I don't really blog anymore, so when I update here, I tend to cram a bunch of little things into one post so that my mom and the two other people who check this site regularly can get everything in one go. So here's the (monthly? quarterly?) update:

* Important things first: I was out of the country last week in a tropical mosquito-infested climate and took with me a Roald Dahl short story collection, Switch Bitch, which was passed on to me by John Hiler (erstwhile chronicler of All Things Blog, who seems to have disappeared but still has a site and presumably still maintains Xanga, which he founded) a long time ago and which has been sitting on my shelf untouched for a couple of years. Dahl's Uncle Oswald stories are fantastic. (In my experience, they're best read aloud outdoors at dusk after several medicinal doses of aged Jamaican rum, while being bombarded by preternaturally large moths.) They're dark--and darkly funnily--yarns about the protagonist's bumbling but largely successful exploits as a self-absorbed plutocratic Casanova who cannot bear any relationship "lasting more than 12 hours". They're great examples of good, old-fashioned storytelling, the rarity of which you only realize when you see it. Tonally, they remind me of George MacDonald Fraser's Flashman novels, which I also like. Highly recommended, particularly when the air is sultry and the attention span short.

* I re-designed this site a couple of years ago, and you can tell that I did the work myself because the layout goes wonky in certain browsers. (I know next to nothing about CSS.) I'm looking for someone to redesign and clean it up for me (cheaply) as well as build another blog for actual albeit occasional blogging as opposed to just consolidating professional work, press, etc.

* My November Fast Company column is up now. I was going to write a piece about Why There Is No Hedge Fund Bubble, but I thought a piece about hedge funds would be a bit of a turn-off in a magazine for creatives. So I did a piece about teeny tiny bubbles in luxury markets that are heavily dependent on branding. You can read it here.

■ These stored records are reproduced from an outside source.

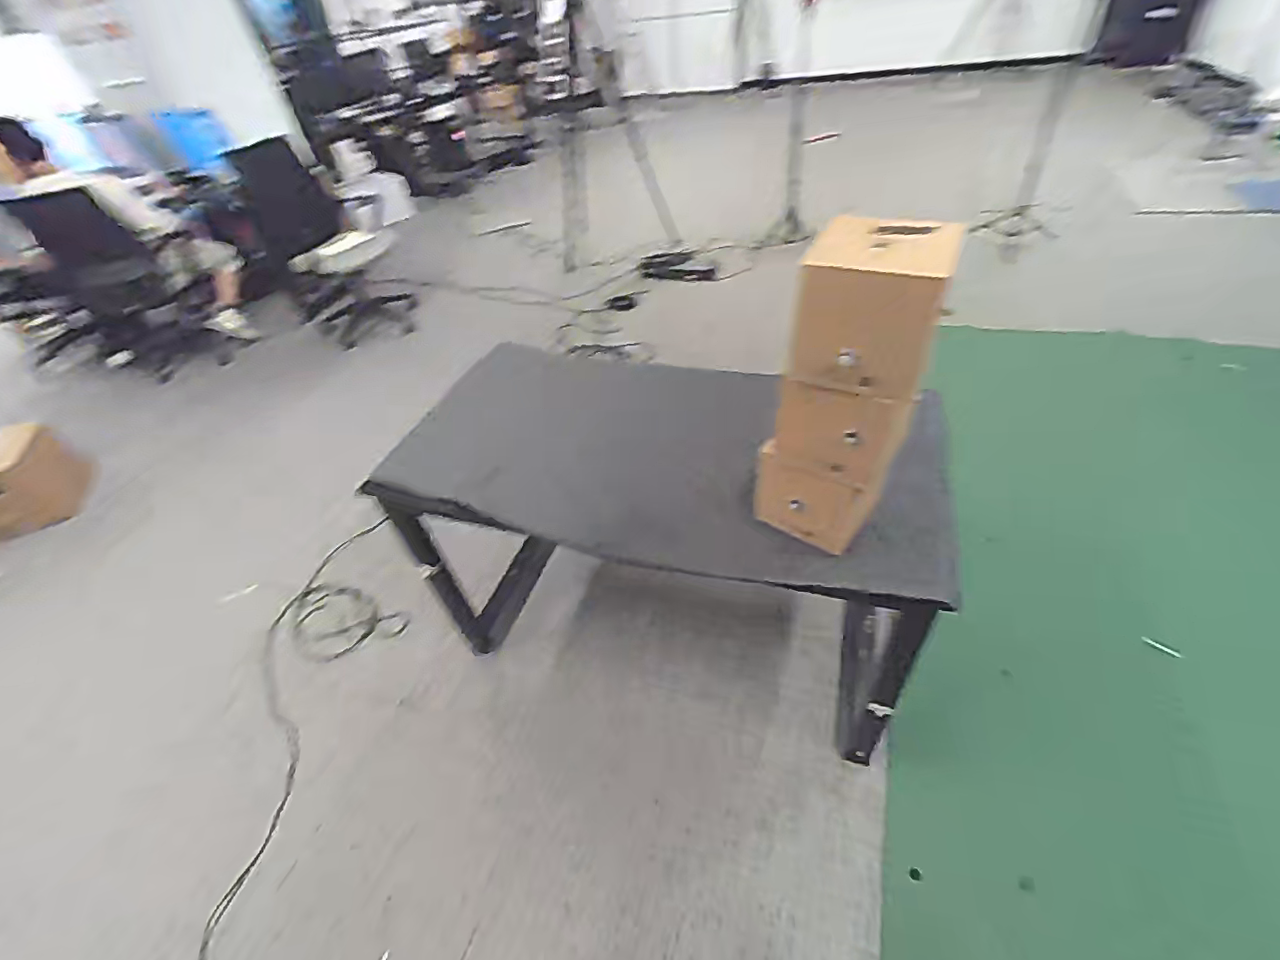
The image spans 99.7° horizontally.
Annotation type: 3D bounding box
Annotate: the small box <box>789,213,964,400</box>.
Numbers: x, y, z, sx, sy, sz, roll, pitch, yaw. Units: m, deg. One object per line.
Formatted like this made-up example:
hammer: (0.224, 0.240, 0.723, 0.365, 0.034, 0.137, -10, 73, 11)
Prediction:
small box: (0.305, -0.233, 0.716, 0.168, 0.176, 0.179, 17, 48, 25)

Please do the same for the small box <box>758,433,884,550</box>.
small box: (0.323, -0.009, 0.954, 0.168, 0.176, 0.179, 26, 51, 32)

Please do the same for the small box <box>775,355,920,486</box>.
small box: (0.318, -0.118, 0.833, 0.168, 0.176, 0.179, 22, 49, 28)
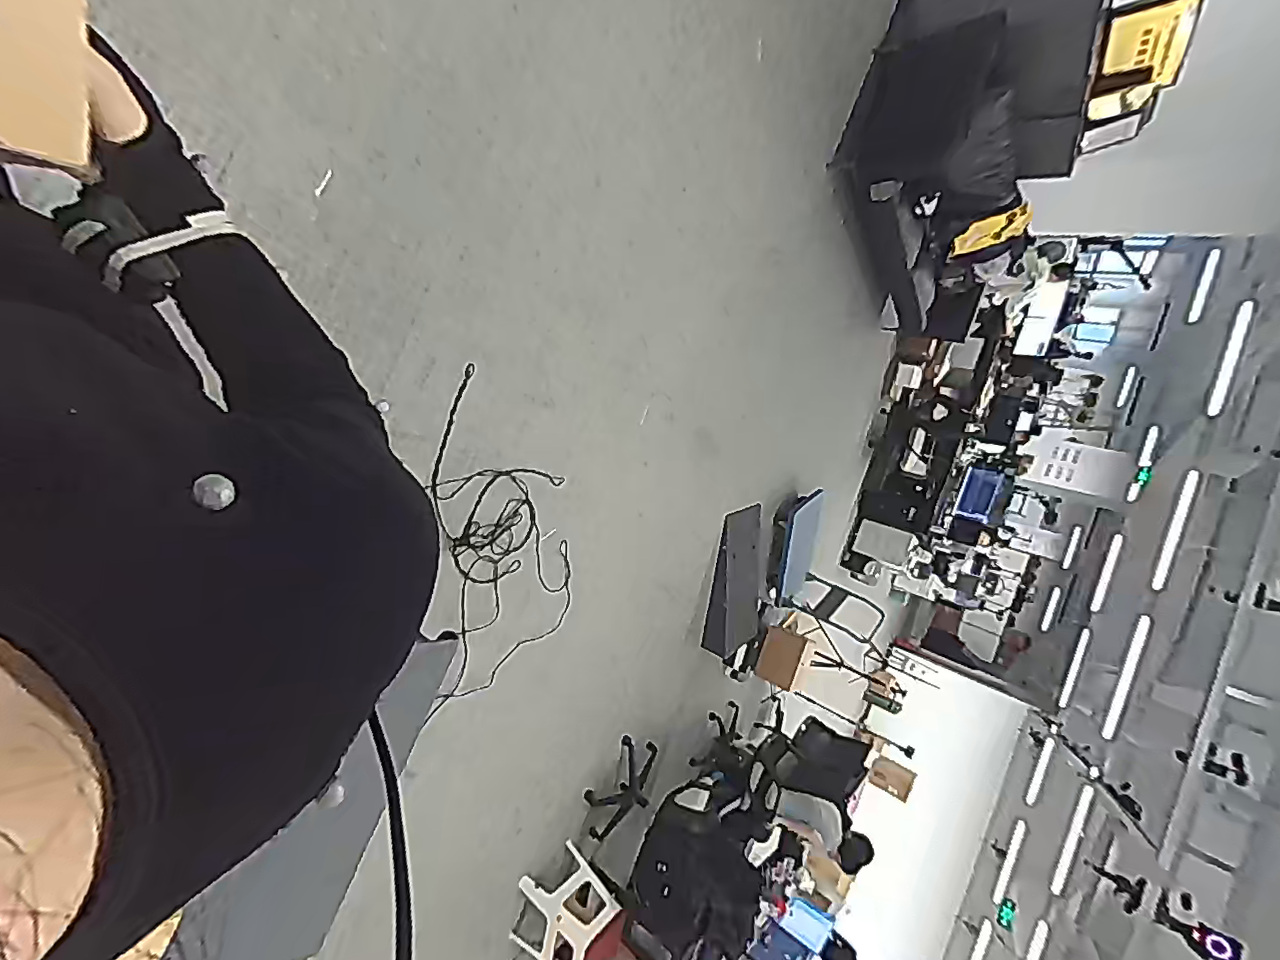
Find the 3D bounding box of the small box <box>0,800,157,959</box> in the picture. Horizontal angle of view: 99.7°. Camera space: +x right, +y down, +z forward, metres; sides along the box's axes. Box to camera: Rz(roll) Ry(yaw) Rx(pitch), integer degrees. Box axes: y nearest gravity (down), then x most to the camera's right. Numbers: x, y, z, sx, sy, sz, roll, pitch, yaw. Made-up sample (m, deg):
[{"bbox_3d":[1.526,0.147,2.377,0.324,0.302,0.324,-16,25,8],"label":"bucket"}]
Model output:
[{"bbox_3d":[-0.535,0.392,0.421,0.168,0.176,0.179,34,78,-54],"label":"small box"}]
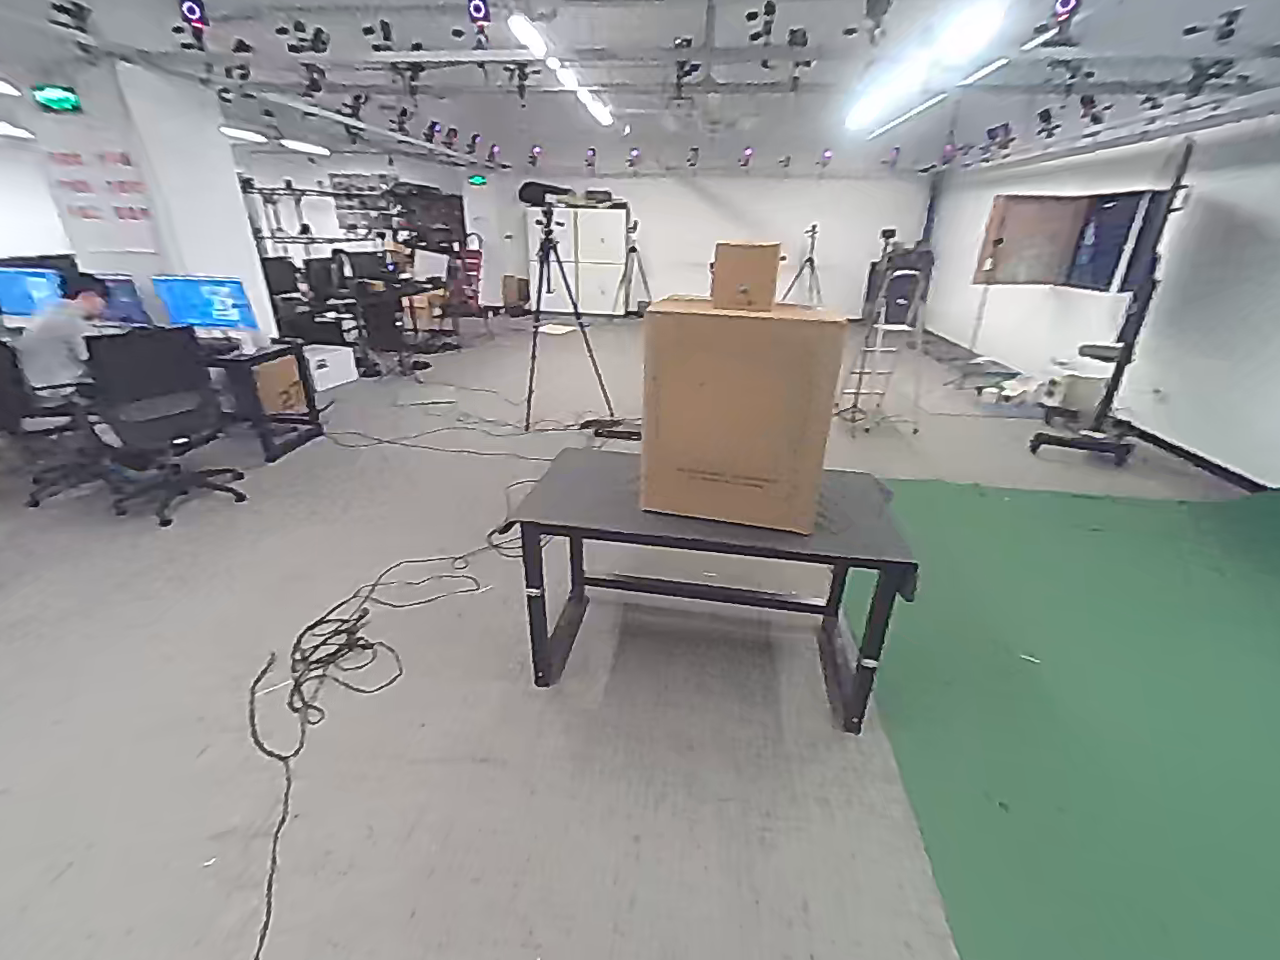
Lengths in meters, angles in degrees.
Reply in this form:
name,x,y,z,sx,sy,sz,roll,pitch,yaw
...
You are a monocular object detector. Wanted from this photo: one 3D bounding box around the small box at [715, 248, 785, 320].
name,x,y,z,sx,sy,sz,roll,pitch,yaw
small box,0.309,-0.554,1.520,0.168,0.176,0.179,8,27,14
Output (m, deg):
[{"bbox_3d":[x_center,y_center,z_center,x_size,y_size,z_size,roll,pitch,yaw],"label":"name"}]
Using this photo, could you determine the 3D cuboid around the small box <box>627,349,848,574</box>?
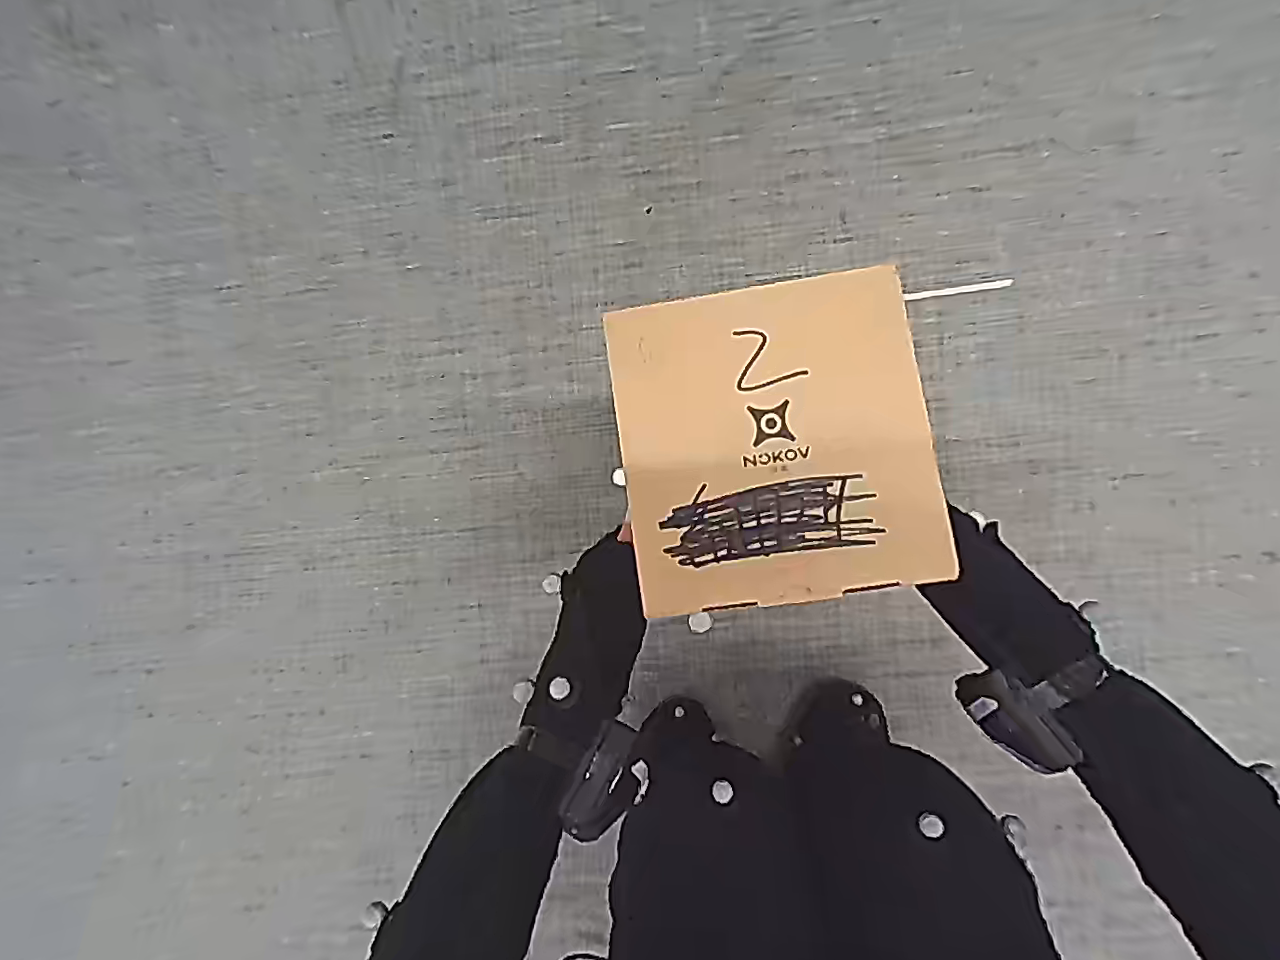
[{"bbox_3d":[0.087,-0.008,0.543,0.168,0.176,0.179,-11,83,5],"label":"small box"}]
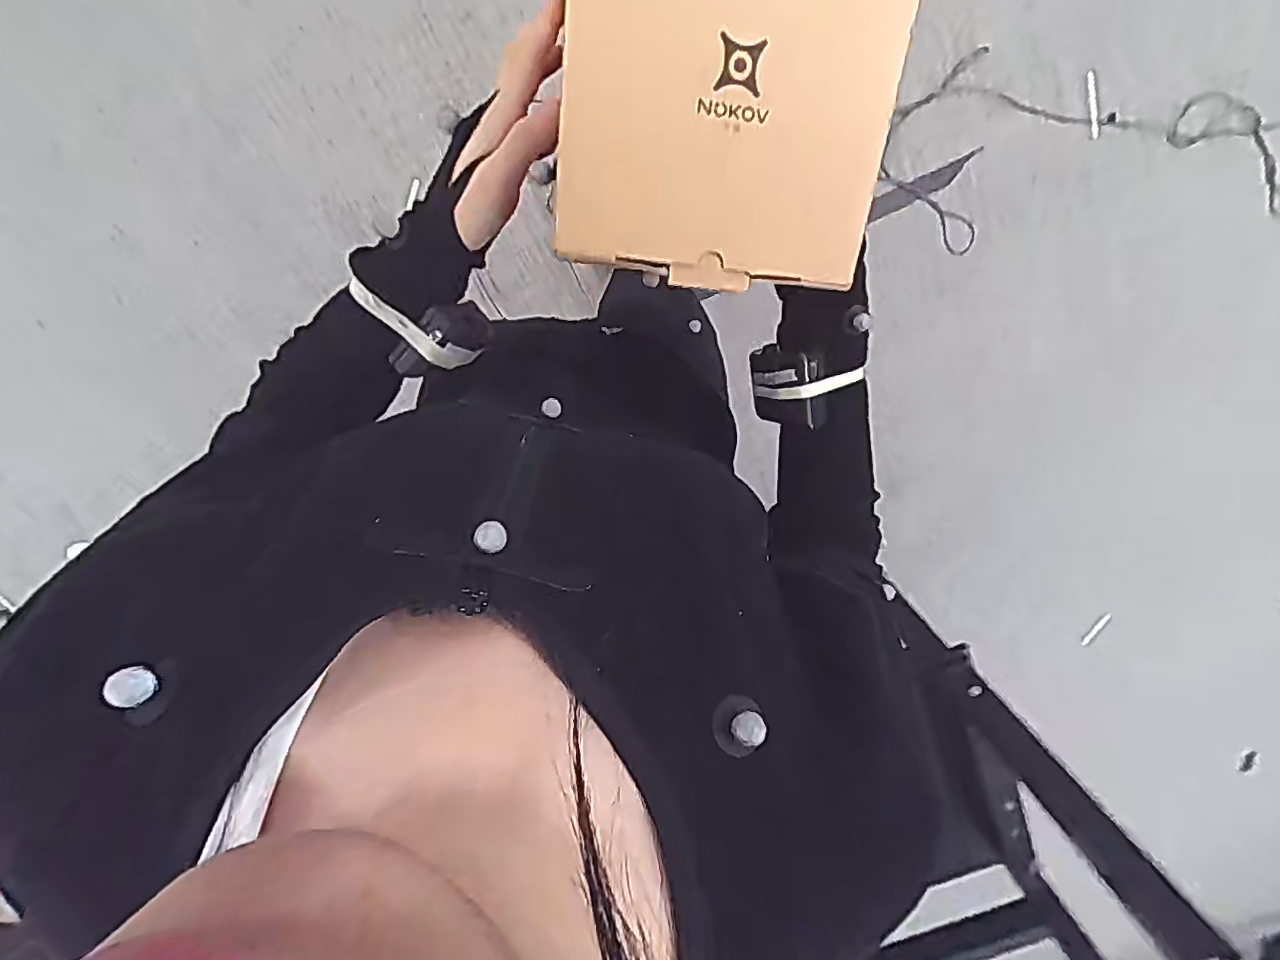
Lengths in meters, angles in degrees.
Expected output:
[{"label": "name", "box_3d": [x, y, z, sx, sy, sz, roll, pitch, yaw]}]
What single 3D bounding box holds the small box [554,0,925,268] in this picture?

* About the Slate site: Just for the record, I thought it was a great idea, and I do think there's an audience. Contrary to Nick's assertion, Dealbreaker does exactly what it's supposed to do--capture a very small but very affluent audience. (Look at Dealbreaker's CPMs vs. Gawker's. I'm not saying it's a better model, but it certainly works. Advertisers will pay more for a better demographic, so you don't necessarily have to have large volume if you're well-targeted and your audience is attractive.) Dealbreaker is not a general interest biz publication like Portfolio. That said, the Slate site *would* be general interest. But I think there's a market for smart contrarian business commentary in that category.

Felix Salmon wisely points to Breaking Views as a comparable and suggests that if they made their commentary free, it would have interesting implications for that sort of content. But that said, Breaking Views has done incredibly well using a subscription model (as have many traditional publications, like Grant's Interest Rate Observer, which have a large following and could probably add to their top-line revenue with an online a la carte option, but don't.) Personally, I tend to eschew the subscription model because I have no experience with it and I don't know how to market subscription-only products, but if people are willing to pay for smart business commentary, they're certainly willing to get it for free. So I'm glad Slate is going into that space. My reservations about taking the job had nothing to do with what I think about the concept. I just don't want a 9-5 launching a website for a large media company. (Not right now, anyway.) If I'm going to launch a site, I'd rather do another startup. And I'm not saying I want to do another startup.